Nike is a brand. Coca Cola is a brand. ProQuest is a brand. eLibrary is a brand. Linworth and LMC are brands.
What is the brand of the teacher-librarian? What are your specialties, your areas of expertise? What do you bring to the table in 2008?
I am not sure we clearly articulate our brand to our colleagues, our administrators, ourselves. And I am not sure I have all the answers.
But, here's what I am thinking:
Our schools are now far more crowded with faculty and support professionals.
The reading coach also does books. The technology coach also does integration. In our state, high school technology coaches are now funded (in part) by the Classrooms for the Future grant. I hear scary stories from other schools, about cuts relating to perceived overlapping interests and duties.
The training for our technology coaches is impressively extensive and continual.
And I worry that librarians who choose not to seriously (and voluntarily) train or retool themselves in the same way, are doomed to obsolescence in relation to technology integration. Technology integration is directly connected to integration of information and communication skills to our new standards.
So, what is your brand and how do you present it?
My brand, the library brand, is connected to my philosophy--a library philosophy. (In Yiddish, my mother would have called this a library
kop, or head.)
The new standards describe our brand as dispositions and as common beliefs.
At its most essential element, here's what the teacher-librarian brand means to me--I help learners learn; I help teachers teach. But that is vague. Other coaches, other teachers and administrators, do that too.
Among other things:
The library brand is about information ethics and intellectual property. It is about respect for artists and creators. It is about understanding the copyright/copyleft and it is about interpreting evolving concept of fair use. If this is our brand, are we all following the work of American University and Temple as they create a new code of practice?
Among other things:
The library brand is connected to intellectual freedom, and to translating that critical value to the online world. Ours may be the only voice that helps ensure fullest possible physical and intellectual access to online tools and resources, to advocate for equity, to promote open source alternatives, to prepare full pathfinders for information needs.
Students must learn to evaluate information in all media formats. We must guide them in an increasingly complex world, to make information decisions, to evaluate
all their information choices, including books, blogs, wikis, streamed media, whatever comes next.

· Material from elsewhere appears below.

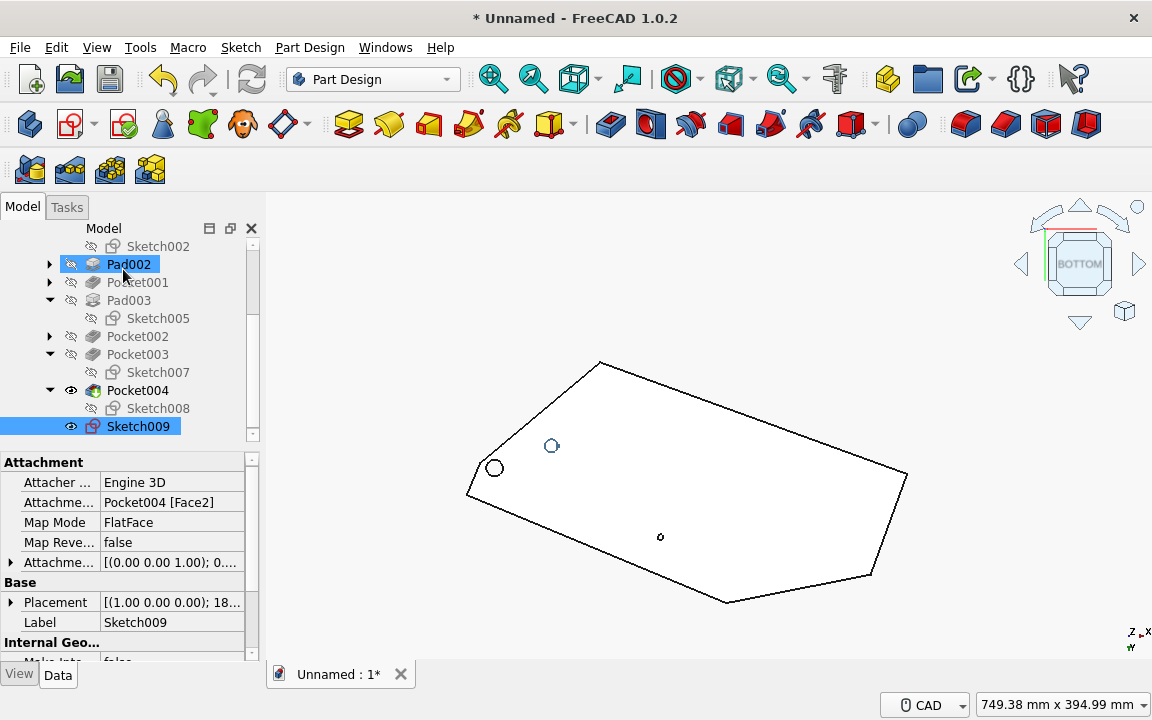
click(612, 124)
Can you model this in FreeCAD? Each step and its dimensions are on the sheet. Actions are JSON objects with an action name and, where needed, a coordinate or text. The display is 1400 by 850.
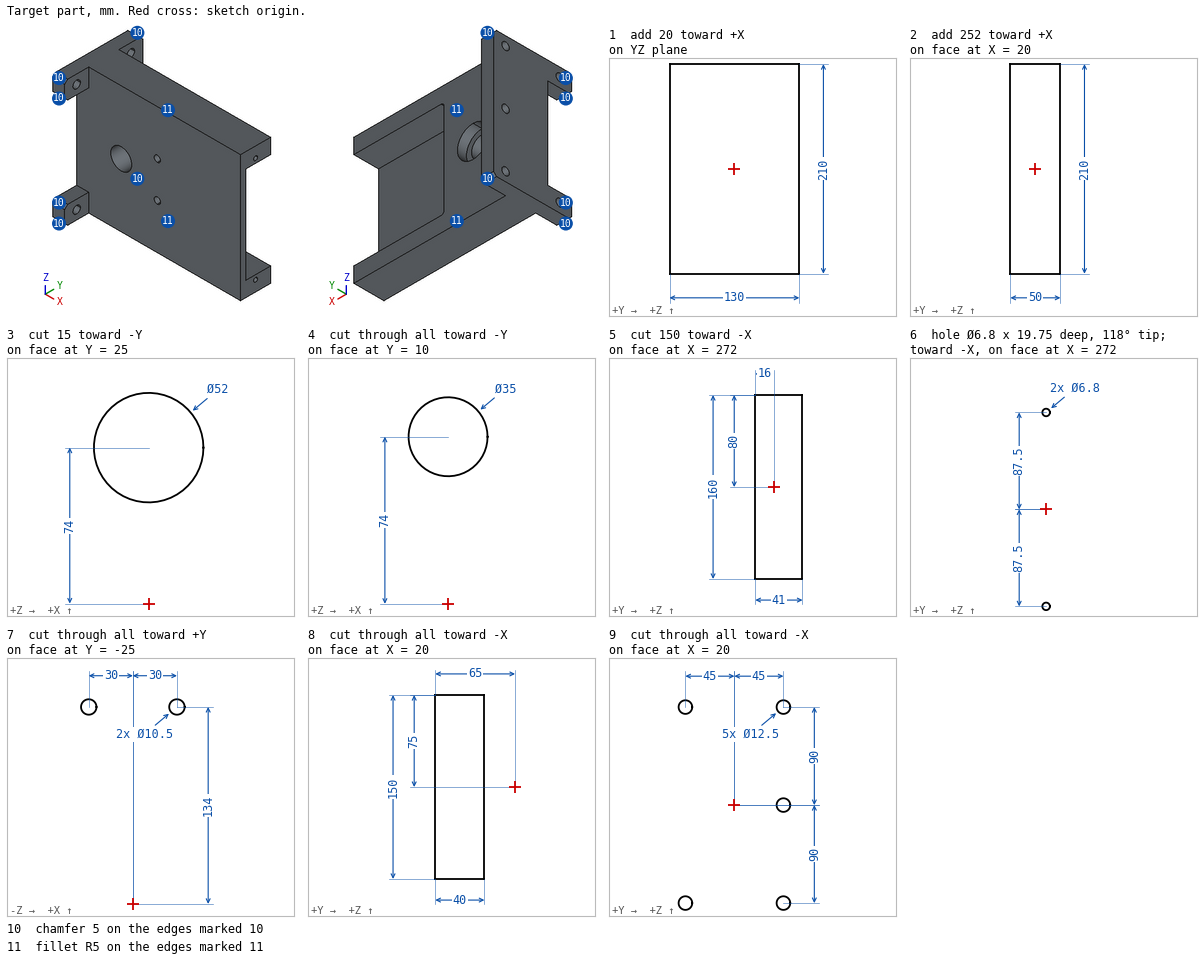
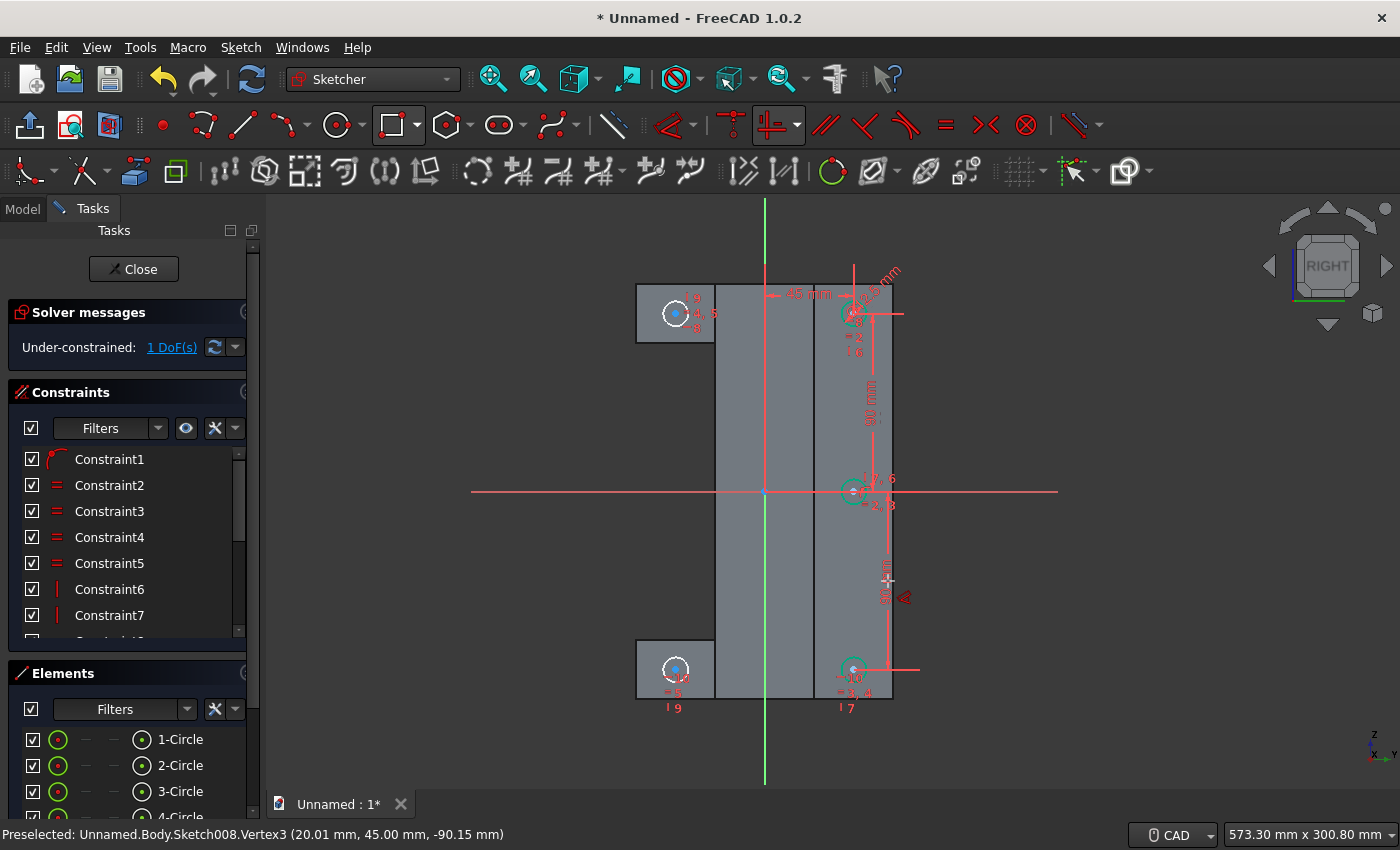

Collection looks different these days. I must collect RSS feeds and teach students to push information to their own information portals. I must collect wikibooks, and ebooks, and audiobooks, and streamed media, as well as galleries of student work--knowledge products that are shared for the entire learning community. And I must lend flashdrives and digital cameras and laptops.
Communication is the end-product of research. I know I need to teach learners how to communicate creatively and engagingly for new audiences. We have a whole new realms of 2.0 possibilities as well as new ways to make a difference, to participate as digital citizens.
Information/media fluency is my mission, and my curriculum, and my brand. The new, very fat standards are my brand.
Are we all representing the library brand well?
I don’t think so.
At a recent conference I attended, I asked the audience (95% school librarians) if they understood
Creative Commons licenses. Shockingly few had even heard of it. They no longer own this part of the brand.
Last week, during my mandatory hands-on sessions on integrating 2.0 tools with value to the library program, several participants at the out-of-state conference balked.
We don’t have to know this stuff.
They are absolutely misrepresenting the brand of an information professional in 2008. It’s not just about the technology reluctance. It’s about their reluctance to learn.
Retooling and continual learning represent our brand. Your presence here is part of an effective business plan to market our brand.
While we’re here we represent a brand. Go out there and represent. Wear as many of these SIG stickers as you can!